**Work task:** Locate the line that contains "list een machtiging" in the entries below, then repeat it and every following line through the line that contains "text Niet eens", exactly, and no others.

━━ Data for this exercise ━━

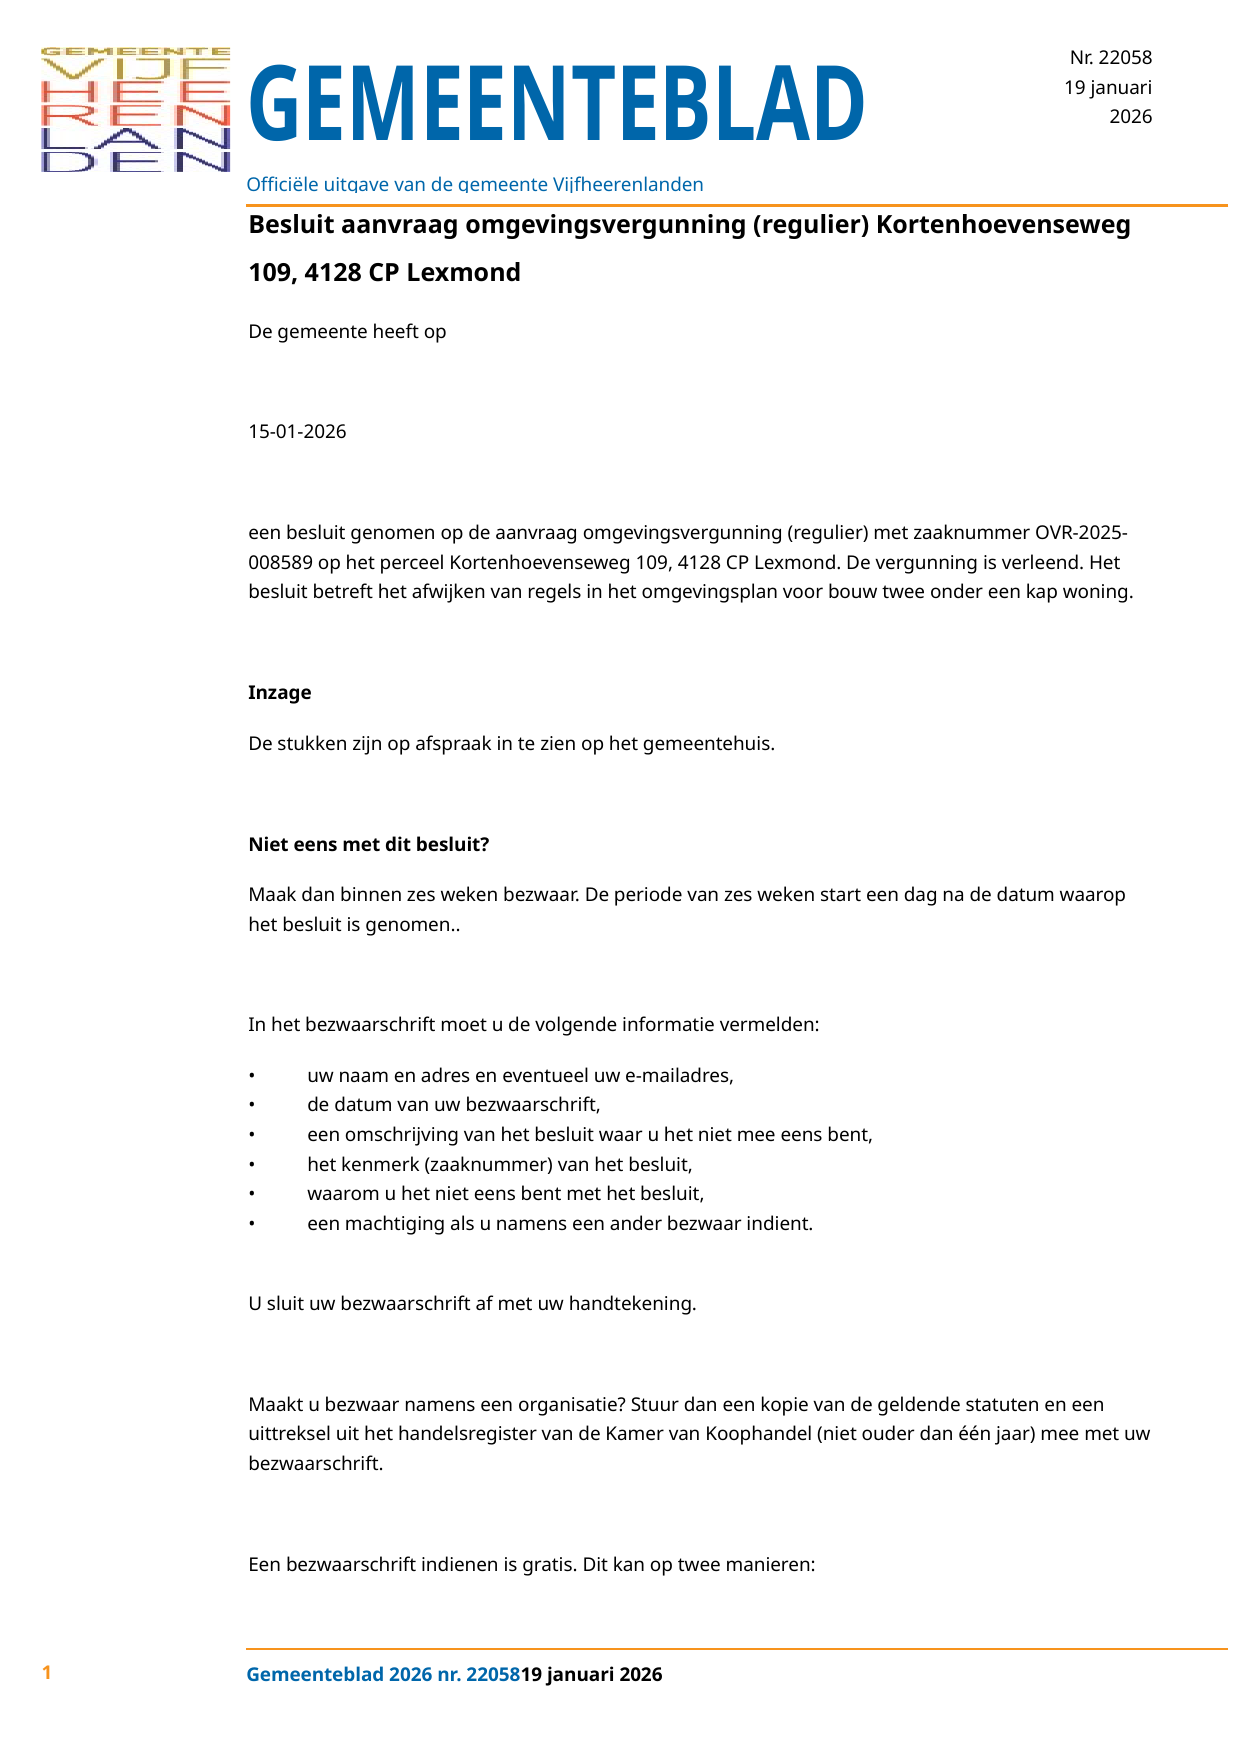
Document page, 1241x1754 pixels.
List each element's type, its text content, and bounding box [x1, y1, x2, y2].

text Een bezwaarschrift indienen is gratis. Dit kan op twee manieren: [248, 1551, 1152, 1577]
list de datum van uw bezwaarschrift, [248, 1092, 1152, 1117]
list waarom u het niet eens bent met het besluit, [248, 1180, 1152, 1206]
text Besluit aanvraag omgevingsvergunning (regulier) Kortenhoevenseweg 109, 4128 CP Lexmond [248, 207, 1152, 288]
list een machtiging als u namens een ander bezwaar indient. [248, 1210, 1152, 1236]
text In het bezwaarschrift moet u de volgende informatie vermelden: [248, 1012, 1152, 1037]
list uw naam en adres en eventueel uw e-mailadres, [248, 1062, 1152, 1088]
list een omschrijving van het besluit waar u het niet mee eens bent, [248, 1121, 1152, 1147]
text Maak dan binnen zes weken bezwaar. De periode van zes weken start een dag na de datum waarop het besluit is genomen.. [248, 881, 1152, 937]
text een besluit genomen op de aanvraag omgevingsvergunning (regulier) met zaaknummer OVR-2025-008589 op het perceel Kortenhoevenseweg 109, 4128 CP Lexmond. De vergunning is verleend. Het besluit betreft het afwijken van regels in het omgevingsplan voor bouw twee onder een kap woning. [248, 519, 1152, 604]
picture [41, 47, 231, 172]
text Niet eens met dit besluit? [248, 831, 1152, 857]
list het kenmerk (zaaknummer) van het besluit, [248, 1151, 1152, 1177]
text De stukken zijn op afspraak in te zien op het gemeentehuis. [248, 730, 1152, 756]
text U sluit uw bezwaarschrift af met uw handtekening. [248, 1290, 1152, 1316]
text De gemeente heeft op [248, 318, 1152, 344]
text Maakt u bezwaar namens een organisatie? Stuur dan een kopie van de geldende statuten en een uittreksel uit het handelsregister van de Kamer van Koophandel (niet ouder dan één jaar) mee met uw bezwaarschrift. [248, 1391, 1152, 1476]
text Inzage [248, 679, 1152, 705]
text 15-01-2026 [248, 419, 1152, 444]

━━━

**Response:**
list een machtiging als u namens een ander bezwaar indient. [248, 1210, 1152, 1236]
text In het bezwaarschrift moet u de volgende informatie vermelden: [248, 1012, 1152, 1037]
list uw naam en adres en eventueel uw e-mailadres, [248, 1062, 1152, 1088]
list een omschrijving van het besluit waar u het niet mee eens bent, [248, 1121, 1152, 1147]
text Maak dan binnen zes weken bezwaar. De periode van zes weken start een dag na de datum waarop het besluit is genomen.. [248, 881, 1152, 937]
text een besluit genomen op de aanvraag omgevingsvergunning (regulier) met zaaknummer OVR-2025-008589 op het perceel Kortenhoevenseweg 109, 4128 CP Lexmond. De vergunning is verleend. Het besluit betreft het afwijken van regels in het omgevingsplan voor bouw twee onder een kap woning. [248, 519, 1152, 604]
picture [41, 47, 231, 172]
text Niet eens met dit besluit? [248, 831, 1152, 857]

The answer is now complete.